Work order: Look through the data below and extract, unchanged, the lines from the one that contains "Your response must be concise. 1.24." to the one that contains "Your answer should be very brief. 6.9.", both included.
---------- Input material
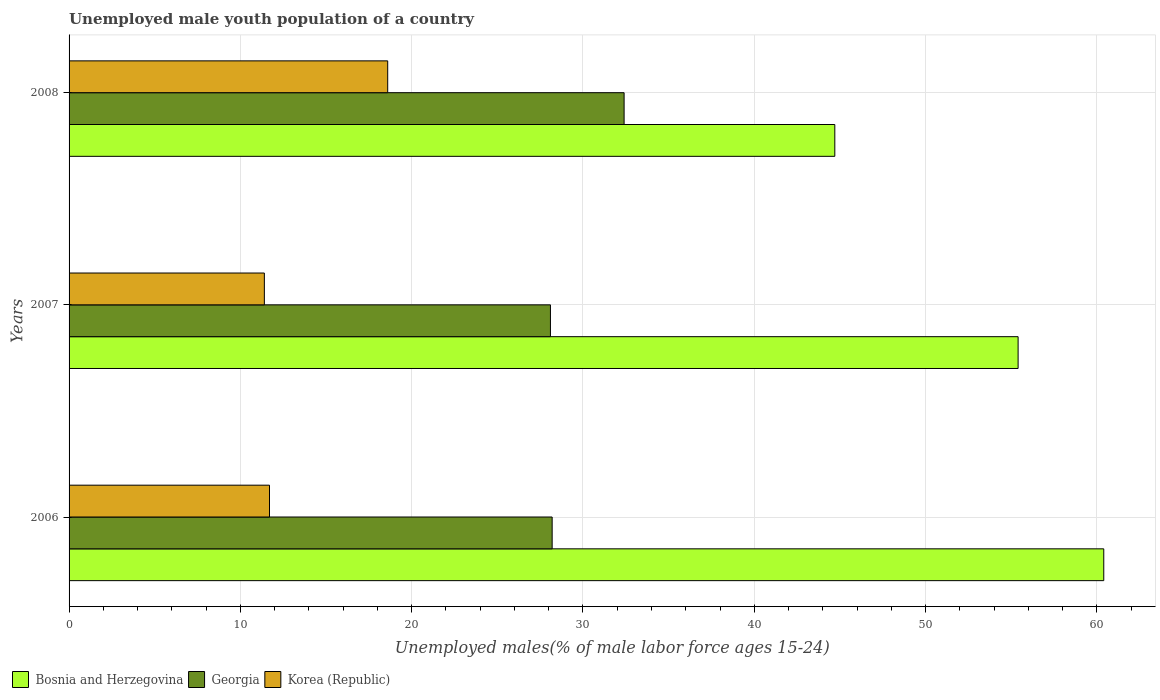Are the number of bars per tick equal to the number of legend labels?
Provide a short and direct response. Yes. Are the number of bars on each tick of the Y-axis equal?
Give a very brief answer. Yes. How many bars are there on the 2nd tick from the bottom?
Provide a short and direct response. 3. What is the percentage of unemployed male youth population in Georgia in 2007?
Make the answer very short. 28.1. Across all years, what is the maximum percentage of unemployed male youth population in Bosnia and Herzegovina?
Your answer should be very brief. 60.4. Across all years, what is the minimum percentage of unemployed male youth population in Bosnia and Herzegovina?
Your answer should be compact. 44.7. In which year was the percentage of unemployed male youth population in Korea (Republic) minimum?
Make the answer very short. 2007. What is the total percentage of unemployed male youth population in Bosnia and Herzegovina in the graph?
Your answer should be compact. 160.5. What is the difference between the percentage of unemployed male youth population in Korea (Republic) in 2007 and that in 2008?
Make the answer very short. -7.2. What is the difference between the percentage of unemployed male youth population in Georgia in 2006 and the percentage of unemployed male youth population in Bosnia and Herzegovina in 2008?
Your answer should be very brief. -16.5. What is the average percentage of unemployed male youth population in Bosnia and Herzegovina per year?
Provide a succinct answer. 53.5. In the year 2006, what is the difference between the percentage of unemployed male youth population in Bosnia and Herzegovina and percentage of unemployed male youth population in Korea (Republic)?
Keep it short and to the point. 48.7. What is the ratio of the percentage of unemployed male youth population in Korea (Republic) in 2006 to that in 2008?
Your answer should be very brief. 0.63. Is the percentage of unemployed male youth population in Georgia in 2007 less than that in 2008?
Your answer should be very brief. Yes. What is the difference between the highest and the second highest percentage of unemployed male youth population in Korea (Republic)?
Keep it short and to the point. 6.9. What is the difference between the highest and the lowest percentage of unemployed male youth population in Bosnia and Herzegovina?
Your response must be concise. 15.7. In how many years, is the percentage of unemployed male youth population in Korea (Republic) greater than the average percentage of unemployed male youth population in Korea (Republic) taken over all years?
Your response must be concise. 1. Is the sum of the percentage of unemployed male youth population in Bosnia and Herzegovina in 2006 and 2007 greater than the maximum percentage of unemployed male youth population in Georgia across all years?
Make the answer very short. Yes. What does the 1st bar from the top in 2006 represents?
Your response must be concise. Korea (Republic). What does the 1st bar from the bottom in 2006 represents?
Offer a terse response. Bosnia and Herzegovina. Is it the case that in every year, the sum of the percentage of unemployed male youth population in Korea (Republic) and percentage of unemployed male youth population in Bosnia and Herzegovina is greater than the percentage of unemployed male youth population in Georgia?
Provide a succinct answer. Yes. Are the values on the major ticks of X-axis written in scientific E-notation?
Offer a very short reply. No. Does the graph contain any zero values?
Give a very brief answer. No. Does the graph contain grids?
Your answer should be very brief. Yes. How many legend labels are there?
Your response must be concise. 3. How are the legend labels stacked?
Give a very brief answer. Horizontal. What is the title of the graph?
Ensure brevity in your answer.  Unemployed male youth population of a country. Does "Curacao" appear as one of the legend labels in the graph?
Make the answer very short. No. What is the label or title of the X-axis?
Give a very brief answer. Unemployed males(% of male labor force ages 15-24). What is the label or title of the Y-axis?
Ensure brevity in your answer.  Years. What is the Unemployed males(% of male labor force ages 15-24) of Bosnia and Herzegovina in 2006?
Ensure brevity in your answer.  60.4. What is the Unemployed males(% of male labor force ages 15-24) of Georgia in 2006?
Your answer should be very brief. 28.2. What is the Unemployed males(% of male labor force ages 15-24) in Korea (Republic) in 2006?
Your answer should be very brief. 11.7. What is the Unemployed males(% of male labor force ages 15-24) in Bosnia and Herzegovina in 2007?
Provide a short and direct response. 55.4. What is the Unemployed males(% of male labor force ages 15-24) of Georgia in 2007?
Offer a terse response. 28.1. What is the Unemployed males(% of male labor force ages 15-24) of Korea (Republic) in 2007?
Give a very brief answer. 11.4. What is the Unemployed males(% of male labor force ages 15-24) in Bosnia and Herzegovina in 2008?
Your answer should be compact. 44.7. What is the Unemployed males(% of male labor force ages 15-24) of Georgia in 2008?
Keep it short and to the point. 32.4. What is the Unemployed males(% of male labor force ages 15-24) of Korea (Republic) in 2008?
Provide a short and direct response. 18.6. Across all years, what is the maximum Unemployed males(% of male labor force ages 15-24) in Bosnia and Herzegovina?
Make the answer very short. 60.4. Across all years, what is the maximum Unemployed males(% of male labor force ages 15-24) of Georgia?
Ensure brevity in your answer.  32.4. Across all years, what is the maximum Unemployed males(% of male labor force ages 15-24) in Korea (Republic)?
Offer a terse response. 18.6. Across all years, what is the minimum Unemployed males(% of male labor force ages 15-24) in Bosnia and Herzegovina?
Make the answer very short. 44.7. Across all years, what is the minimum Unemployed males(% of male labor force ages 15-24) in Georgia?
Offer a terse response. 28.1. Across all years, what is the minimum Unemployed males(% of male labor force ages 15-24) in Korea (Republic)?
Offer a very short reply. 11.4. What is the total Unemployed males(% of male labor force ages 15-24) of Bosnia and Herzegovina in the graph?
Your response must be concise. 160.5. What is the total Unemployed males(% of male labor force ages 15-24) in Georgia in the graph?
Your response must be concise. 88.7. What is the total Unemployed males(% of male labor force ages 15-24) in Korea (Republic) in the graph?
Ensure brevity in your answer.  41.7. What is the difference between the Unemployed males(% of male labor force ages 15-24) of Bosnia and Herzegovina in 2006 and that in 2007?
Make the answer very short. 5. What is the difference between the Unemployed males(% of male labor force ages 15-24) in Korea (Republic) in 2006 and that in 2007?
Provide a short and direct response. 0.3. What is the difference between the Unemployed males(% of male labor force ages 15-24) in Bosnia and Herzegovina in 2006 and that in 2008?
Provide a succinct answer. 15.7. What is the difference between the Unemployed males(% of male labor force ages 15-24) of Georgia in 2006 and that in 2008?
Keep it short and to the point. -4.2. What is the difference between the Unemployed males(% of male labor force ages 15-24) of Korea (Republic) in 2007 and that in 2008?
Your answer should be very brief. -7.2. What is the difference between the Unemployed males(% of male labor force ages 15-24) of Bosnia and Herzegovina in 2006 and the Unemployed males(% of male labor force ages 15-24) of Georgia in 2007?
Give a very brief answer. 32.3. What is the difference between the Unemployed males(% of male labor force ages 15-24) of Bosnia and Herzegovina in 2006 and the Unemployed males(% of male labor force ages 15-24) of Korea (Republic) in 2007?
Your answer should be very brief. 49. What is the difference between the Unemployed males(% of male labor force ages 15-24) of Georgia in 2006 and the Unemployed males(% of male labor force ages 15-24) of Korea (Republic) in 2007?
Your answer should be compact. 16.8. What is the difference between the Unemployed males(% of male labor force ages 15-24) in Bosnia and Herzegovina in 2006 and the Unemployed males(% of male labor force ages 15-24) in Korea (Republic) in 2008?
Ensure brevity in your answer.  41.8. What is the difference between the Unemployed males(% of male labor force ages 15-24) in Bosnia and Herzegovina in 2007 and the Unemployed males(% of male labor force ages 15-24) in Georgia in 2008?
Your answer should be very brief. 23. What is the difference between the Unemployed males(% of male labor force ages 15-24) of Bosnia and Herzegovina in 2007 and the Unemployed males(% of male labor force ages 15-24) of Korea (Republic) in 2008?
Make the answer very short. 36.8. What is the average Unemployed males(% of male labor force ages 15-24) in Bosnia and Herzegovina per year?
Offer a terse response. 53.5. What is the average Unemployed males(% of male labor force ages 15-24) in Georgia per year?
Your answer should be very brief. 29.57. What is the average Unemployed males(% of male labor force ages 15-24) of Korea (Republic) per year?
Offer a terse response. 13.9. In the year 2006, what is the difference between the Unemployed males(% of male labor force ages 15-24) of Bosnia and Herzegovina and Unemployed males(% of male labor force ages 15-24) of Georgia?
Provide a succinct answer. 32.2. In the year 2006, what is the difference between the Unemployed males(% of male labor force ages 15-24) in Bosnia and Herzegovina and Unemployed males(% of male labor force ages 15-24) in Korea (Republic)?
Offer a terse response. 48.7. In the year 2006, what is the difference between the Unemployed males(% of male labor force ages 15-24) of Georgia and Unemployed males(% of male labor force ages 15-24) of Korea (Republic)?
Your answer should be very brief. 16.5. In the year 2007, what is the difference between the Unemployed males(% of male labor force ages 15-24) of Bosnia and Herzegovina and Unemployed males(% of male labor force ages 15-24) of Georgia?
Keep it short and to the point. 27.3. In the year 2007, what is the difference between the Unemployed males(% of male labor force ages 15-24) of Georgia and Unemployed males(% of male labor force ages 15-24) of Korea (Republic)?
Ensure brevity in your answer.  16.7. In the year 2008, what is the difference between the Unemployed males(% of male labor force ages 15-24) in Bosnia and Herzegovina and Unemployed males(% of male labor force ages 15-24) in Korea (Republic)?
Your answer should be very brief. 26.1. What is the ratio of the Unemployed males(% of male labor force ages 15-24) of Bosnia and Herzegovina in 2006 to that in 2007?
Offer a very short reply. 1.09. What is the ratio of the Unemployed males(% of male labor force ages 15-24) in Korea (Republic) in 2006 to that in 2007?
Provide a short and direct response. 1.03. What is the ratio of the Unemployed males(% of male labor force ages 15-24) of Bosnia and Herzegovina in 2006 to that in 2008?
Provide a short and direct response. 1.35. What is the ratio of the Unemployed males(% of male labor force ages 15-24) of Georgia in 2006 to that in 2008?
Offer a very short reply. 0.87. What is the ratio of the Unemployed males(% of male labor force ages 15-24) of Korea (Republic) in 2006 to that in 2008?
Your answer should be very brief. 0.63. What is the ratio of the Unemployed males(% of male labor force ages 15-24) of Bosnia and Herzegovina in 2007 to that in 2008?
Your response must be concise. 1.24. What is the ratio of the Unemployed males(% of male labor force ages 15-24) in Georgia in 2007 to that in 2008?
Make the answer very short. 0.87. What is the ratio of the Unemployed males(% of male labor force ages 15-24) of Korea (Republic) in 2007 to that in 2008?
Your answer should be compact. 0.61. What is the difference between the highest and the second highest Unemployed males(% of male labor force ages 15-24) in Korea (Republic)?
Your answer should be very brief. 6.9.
--------------------
---------- Input material
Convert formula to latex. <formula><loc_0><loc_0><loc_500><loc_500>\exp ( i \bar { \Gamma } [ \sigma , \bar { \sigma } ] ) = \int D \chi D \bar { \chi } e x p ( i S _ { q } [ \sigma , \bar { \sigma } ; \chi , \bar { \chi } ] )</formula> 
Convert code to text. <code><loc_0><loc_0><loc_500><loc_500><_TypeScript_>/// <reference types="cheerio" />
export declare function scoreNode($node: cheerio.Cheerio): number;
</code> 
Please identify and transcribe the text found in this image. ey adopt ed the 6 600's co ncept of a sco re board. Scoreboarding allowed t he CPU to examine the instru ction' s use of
--------------------
Task result:
Your response must be concise. 1.24. What is the ratio of the Unemployed males(% of male labor force ages 15-24) in Georgia in 2007 to that in 2008?
Make the answer very short. 0.87. What is the ratio of the Unemployed males(% of male labor force ages 15-24) of Korea (Republic) in 2007 to that in 2008?
Your answer should be compact. 0.61. What is the difference between the highest and the second highest Unemployed males(% of male labor force ages 15-24) in Korea (Republic)?
Your answer should be very brief. 6.9.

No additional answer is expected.